**PROBLEM STATEMENT:**
Please copy out the entries below exactly, beginning with the line that contains "Offer a very short reply. 8." and ending with the line that contains "Give a very brief answer. 4. What is the difference", and include nothing outside that span.

##### ENTRIES PROVIDED #####

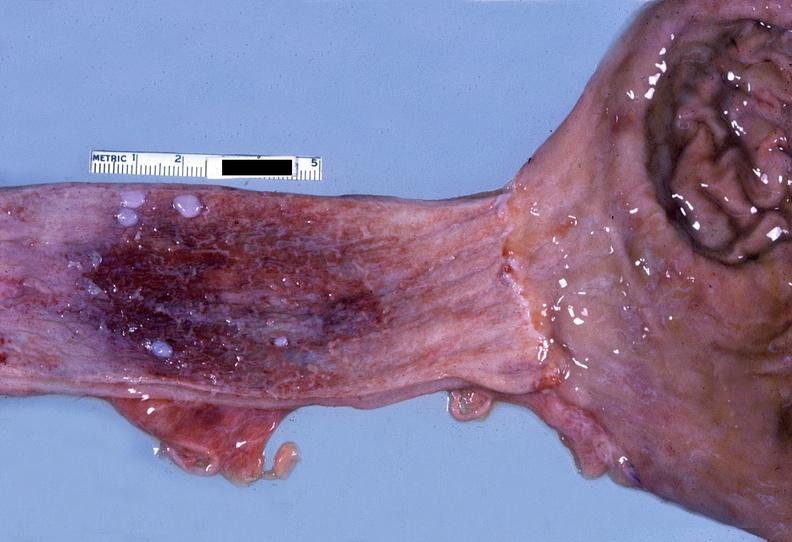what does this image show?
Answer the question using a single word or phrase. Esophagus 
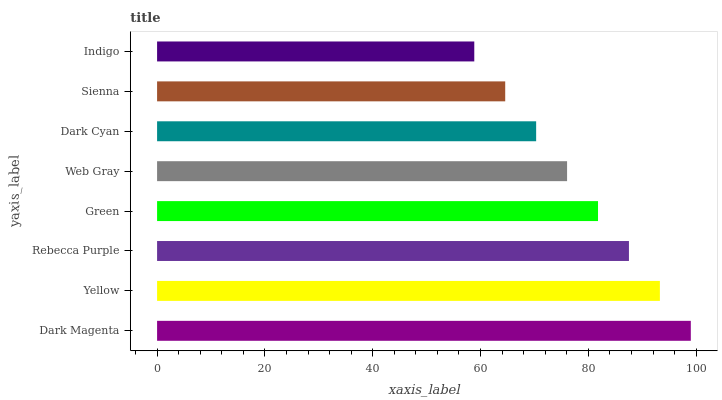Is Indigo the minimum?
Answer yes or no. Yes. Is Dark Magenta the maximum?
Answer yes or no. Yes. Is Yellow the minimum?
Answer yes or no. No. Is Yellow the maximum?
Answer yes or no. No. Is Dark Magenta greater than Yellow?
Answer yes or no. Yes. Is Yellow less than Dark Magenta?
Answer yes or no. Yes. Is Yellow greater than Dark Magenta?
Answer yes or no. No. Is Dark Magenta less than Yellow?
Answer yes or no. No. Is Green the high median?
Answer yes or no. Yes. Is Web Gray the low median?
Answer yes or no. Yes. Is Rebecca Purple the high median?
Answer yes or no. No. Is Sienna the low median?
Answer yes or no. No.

#####
##### ENTRIES PROVIDED #####

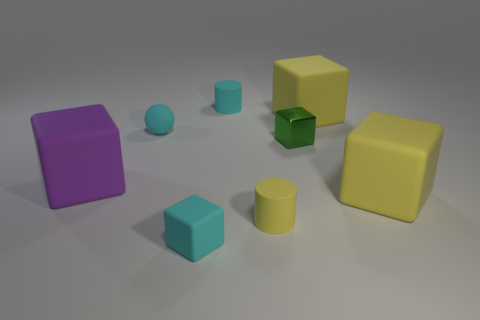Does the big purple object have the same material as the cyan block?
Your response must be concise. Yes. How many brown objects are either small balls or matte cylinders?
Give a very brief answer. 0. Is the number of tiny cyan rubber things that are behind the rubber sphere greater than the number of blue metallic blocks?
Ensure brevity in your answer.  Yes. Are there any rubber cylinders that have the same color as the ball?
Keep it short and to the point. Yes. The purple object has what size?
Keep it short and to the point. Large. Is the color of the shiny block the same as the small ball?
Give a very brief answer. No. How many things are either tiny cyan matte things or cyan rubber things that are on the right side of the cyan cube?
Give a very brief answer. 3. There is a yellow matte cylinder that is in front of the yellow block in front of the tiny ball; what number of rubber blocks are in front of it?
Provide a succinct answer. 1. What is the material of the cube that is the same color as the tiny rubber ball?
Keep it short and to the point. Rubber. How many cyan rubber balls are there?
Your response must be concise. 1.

#####
##### ENTRIES PROVIDED #####

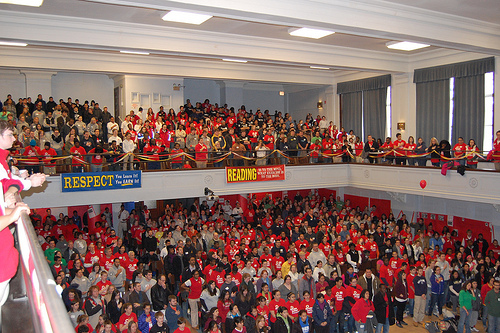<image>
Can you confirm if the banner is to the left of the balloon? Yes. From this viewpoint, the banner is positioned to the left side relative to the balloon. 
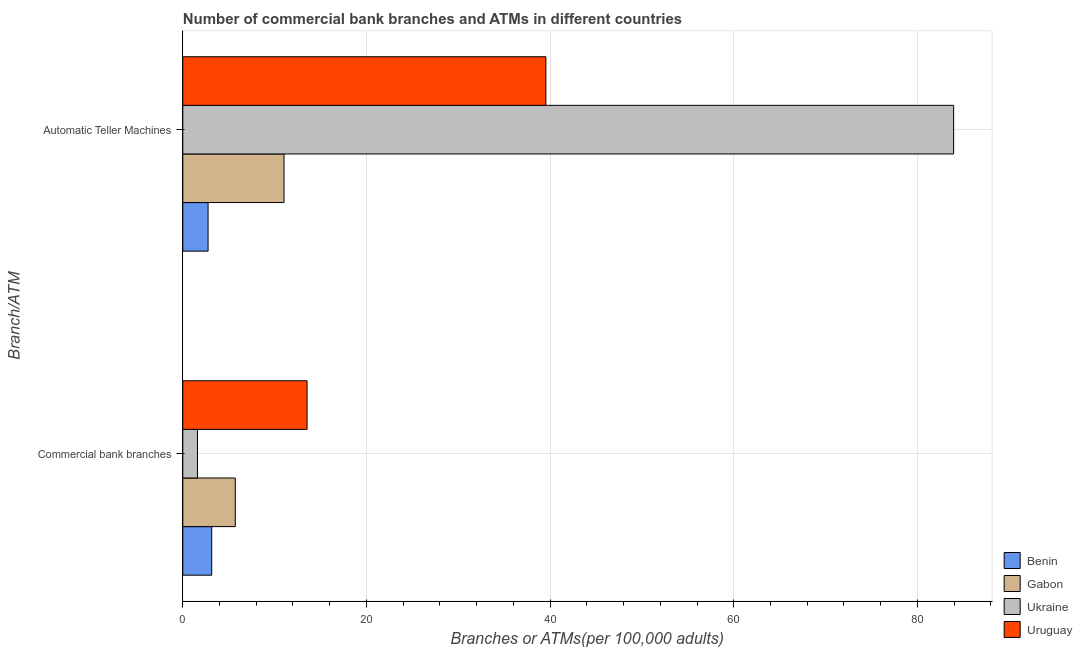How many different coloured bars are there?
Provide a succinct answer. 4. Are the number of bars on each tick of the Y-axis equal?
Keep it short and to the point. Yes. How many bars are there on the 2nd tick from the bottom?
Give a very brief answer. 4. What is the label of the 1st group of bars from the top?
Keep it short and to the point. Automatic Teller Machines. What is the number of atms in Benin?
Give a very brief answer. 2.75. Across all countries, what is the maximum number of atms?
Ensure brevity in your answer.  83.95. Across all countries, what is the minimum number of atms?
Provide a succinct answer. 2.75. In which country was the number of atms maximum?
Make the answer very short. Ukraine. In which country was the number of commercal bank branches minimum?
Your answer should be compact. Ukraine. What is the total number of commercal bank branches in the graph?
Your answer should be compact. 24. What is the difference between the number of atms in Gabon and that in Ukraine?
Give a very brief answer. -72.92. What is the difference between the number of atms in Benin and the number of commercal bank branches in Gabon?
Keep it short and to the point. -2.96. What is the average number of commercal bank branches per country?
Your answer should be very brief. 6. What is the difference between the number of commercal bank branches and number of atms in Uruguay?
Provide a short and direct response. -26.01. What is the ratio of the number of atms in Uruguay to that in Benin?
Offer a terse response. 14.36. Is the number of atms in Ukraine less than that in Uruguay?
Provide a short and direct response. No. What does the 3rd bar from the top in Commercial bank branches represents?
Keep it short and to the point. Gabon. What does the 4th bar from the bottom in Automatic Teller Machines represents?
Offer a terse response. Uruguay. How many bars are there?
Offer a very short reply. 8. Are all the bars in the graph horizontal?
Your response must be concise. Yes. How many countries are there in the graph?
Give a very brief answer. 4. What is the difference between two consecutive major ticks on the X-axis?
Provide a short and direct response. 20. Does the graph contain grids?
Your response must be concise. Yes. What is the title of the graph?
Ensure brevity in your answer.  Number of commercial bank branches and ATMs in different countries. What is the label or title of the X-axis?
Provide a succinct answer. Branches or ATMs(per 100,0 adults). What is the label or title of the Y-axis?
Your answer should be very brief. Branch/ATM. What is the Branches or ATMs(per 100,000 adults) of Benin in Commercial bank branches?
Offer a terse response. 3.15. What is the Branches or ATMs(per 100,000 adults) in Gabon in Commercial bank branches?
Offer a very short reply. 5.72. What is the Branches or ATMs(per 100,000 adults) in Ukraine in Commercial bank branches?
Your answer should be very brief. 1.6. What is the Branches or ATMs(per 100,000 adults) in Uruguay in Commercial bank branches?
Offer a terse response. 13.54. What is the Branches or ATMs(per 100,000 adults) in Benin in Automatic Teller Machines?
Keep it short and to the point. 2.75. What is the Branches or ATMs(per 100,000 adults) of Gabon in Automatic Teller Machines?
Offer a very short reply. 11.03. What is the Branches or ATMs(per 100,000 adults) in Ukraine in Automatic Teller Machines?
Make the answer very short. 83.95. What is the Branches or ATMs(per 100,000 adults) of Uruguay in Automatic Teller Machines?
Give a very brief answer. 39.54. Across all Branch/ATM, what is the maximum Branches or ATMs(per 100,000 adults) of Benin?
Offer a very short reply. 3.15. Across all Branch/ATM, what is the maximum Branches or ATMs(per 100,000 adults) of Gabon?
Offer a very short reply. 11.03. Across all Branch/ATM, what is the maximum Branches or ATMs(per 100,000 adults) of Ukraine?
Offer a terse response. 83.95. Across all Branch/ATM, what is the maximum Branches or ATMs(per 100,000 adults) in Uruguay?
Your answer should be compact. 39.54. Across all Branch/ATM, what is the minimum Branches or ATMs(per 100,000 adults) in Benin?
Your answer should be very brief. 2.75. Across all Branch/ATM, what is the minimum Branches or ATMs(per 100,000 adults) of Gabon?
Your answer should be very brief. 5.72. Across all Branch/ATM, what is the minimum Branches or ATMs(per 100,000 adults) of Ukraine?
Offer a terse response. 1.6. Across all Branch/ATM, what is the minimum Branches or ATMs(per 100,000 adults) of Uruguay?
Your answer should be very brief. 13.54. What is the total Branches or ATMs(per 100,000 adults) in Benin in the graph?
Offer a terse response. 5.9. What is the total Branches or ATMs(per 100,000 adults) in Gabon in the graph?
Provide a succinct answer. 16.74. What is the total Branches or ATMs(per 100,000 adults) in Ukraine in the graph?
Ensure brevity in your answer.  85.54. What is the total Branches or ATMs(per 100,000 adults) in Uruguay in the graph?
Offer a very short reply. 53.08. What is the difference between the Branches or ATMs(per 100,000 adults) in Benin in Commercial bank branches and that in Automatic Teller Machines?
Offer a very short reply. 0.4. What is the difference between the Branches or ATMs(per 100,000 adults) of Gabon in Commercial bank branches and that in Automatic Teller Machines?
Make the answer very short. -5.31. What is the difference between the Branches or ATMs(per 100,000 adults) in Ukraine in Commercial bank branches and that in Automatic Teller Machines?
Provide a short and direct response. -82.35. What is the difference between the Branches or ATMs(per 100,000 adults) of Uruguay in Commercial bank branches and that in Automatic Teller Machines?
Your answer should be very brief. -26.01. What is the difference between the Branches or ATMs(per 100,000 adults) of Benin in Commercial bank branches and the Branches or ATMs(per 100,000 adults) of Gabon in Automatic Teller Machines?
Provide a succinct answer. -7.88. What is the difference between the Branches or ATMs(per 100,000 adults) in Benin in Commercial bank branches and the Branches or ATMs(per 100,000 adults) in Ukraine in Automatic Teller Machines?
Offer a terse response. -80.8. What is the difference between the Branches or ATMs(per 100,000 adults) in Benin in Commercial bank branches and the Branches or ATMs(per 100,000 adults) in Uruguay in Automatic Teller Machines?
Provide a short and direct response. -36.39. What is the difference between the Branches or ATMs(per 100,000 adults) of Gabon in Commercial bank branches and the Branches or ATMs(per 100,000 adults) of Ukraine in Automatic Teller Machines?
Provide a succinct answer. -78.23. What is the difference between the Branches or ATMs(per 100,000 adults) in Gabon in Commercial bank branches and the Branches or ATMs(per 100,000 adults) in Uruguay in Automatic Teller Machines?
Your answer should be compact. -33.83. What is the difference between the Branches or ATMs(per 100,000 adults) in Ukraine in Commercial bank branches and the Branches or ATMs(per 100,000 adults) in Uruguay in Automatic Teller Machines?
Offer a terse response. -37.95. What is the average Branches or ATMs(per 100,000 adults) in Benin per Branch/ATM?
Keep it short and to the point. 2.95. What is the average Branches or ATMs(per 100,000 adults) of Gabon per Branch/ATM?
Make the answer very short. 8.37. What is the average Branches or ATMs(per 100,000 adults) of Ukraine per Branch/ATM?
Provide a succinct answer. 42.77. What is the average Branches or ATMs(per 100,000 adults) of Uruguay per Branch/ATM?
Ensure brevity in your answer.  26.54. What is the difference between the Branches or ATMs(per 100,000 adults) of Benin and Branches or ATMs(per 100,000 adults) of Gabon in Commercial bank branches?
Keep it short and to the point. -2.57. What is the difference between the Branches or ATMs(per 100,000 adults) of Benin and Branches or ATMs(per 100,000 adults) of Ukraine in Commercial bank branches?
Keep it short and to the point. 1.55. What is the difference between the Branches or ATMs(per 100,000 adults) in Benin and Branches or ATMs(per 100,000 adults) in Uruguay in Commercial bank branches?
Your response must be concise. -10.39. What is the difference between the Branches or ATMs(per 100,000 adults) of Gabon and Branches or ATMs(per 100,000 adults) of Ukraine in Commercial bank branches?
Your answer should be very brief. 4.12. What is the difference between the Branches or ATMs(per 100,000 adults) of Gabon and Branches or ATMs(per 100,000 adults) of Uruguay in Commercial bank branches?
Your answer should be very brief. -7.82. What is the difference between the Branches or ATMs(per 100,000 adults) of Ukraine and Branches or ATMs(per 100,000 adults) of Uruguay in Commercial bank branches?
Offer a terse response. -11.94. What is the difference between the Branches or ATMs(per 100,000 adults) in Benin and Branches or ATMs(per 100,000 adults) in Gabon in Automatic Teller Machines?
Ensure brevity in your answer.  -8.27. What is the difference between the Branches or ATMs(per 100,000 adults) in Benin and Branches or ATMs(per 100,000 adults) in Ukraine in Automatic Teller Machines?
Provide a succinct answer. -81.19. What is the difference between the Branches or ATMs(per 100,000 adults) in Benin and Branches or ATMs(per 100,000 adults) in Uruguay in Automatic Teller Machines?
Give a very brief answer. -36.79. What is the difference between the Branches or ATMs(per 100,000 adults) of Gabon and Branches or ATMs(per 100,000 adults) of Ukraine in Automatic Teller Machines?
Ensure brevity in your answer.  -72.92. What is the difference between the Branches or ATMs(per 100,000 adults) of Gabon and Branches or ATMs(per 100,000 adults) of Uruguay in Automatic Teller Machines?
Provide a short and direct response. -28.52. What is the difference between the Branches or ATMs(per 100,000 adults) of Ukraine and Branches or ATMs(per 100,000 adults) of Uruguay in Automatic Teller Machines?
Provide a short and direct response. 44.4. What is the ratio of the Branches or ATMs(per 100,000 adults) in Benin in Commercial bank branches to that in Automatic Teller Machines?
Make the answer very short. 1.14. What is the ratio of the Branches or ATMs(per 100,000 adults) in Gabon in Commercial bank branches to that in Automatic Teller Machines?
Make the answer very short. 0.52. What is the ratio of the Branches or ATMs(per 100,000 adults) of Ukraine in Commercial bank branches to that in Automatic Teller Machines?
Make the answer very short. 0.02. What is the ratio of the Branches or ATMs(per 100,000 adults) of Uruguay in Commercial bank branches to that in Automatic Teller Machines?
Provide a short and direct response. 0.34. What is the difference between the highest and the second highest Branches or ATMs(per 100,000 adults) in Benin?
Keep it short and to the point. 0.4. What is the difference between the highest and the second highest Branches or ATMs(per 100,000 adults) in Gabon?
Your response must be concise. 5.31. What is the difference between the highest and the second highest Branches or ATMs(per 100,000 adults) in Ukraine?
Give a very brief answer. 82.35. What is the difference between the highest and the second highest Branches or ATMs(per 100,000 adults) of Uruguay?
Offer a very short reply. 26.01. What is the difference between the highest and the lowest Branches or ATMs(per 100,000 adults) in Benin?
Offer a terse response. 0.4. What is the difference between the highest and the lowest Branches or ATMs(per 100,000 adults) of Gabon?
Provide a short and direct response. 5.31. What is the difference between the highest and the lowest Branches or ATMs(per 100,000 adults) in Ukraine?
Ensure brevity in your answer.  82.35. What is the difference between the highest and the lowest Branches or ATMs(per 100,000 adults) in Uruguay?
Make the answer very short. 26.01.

#####

**OUTPUT FOR THIS TASK:**
Offer a very short reply. 8. Are all the bars in the graph horizontal?
Your response must be concise. Yes. How many countries are there in the graph?
Give a very brief answer. 4. What is the difference between two consecutive major ticks on the X-axis?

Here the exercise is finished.